» DATASET:
::::::::::

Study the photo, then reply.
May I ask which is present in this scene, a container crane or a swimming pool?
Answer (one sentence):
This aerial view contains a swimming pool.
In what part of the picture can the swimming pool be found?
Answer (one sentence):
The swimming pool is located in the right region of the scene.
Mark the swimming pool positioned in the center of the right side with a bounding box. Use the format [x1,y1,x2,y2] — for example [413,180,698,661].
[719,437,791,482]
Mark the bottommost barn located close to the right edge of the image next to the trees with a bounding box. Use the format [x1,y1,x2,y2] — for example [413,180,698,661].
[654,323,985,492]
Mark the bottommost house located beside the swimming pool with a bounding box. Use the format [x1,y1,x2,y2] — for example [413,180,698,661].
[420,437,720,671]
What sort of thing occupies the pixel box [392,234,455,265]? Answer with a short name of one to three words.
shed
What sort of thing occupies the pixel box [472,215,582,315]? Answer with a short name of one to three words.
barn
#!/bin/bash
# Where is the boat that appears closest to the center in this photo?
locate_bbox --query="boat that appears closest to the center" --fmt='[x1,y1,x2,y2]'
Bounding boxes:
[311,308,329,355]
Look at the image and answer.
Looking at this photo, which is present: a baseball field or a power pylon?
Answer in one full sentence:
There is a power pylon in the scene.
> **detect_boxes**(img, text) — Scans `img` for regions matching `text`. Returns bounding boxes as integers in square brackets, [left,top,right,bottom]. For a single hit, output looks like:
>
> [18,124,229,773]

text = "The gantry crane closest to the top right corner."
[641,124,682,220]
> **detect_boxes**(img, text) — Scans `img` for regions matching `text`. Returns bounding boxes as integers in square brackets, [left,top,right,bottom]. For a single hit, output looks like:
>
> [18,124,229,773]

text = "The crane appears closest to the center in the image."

::::::::::

Please output all of the entries without changing a single character.

Study the photo, then reply.
May I ask which is present in this scene, a container crane or a swimming pool?
Answer (one sentence):
This aerial view contains a swimming pool.
In what part of the picture can the swimming pool be found?
Answer (one sentence):
The swimming pool is located in the right region of the scene.
Mark the swimming pool positioned in the center of the right side with a bounding box. Use the format [x1,y1,x2,y2] — for example [413,180,698,661].
[719,437,791,482]
Mark the bottommost barn located close to the right edge of the image next to the trees with a bounding box. Use the format [x1,y1,x2,y2] — for example [413,180,698,661].
[654,323,985,492]
Mark the bottommost house located beside the swimming pool with a bounding box. Use the format [x1,y1,x2,y2] — for example [413,180,698,661].
[420,437,720,671]
What sort of thing occupies the pixel box [392,234,455,265]? Answer with a short name of one to three words.
shed
What sort of thing occupies the pixel box [472,215,582,315]? Answer with a short name of one to three words.
barn
#!/bin/bash
# Where is the boat that appears closest to the center in this photo?
locate_bbox --query="boat that appears closest to the center" --fmt='[x1,y1,x2,y2]'
Bounding boxes:
[311,308,329,355]
Look at the image and answer.
Looking at this photo, which is present: a baseball field or a power pylon?
Answer in one full sentence:
There is a power pylon in the scene.
> **detect_boxes**(img, text) — Scans `img` for regions matching `text`. Returns bounding boxes as integers in square brackets, [left,top,right,bottom]. For a single hit, output looks like:
>
> [18,124,229,773]

text = "The gantry crane closest to the top right corner."
[641,124,682,220]
> **detect_boxes**(img, text) — Scans `img` for regions matching `text`. Returns bounding boxes as integers in square brackets, [left,top,right,bottom]. For a single hit, output looks like:
>
> [18,124,229,773]

text = "The crane appears closest to the center in the image."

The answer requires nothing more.